*** Opening of Recorded information ***

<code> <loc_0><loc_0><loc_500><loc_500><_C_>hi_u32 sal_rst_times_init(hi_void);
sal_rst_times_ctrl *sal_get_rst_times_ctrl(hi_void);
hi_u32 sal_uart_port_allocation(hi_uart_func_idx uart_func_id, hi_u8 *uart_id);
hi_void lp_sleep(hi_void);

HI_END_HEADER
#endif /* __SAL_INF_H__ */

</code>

*** Close of Recorded information ***
*** Opening of Recorded information ***

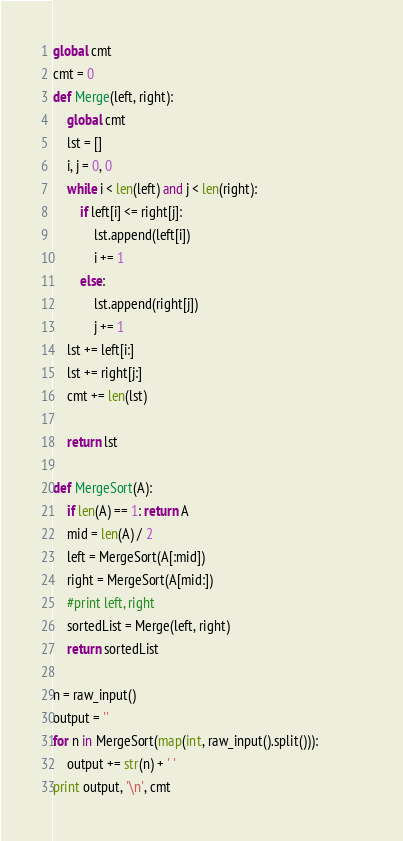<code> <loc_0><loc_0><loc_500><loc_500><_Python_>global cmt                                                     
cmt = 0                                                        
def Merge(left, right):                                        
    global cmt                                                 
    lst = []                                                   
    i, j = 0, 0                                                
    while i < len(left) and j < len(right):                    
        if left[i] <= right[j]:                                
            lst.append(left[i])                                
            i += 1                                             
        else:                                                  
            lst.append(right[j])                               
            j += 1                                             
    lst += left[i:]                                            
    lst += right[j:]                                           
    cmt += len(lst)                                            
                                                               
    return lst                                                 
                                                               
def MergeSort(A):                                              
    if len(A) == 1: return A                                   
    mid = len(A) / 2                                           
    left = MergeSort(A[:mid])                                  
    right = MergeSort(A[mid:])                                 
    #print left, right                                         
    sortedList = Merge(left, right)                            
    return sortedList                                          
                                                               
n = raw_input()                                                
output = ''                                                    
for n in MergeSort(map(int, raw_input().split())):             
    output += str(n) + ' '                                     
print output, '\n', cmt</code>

*** Close of Recorded information ***

__Work task__. The required answer is the exact run of lines above starting at the line with "left = MergeSort(A[:mid])" and ending at the line with "return sortedList", with both ends present.

__Answer section__.
    left = MergeSort(A[:mid])                                  
    right = MergeSort(A[mid:])                                 
    #print left, right                                         
    sortedList = Merge(left, right)                            
    return sortedList                                          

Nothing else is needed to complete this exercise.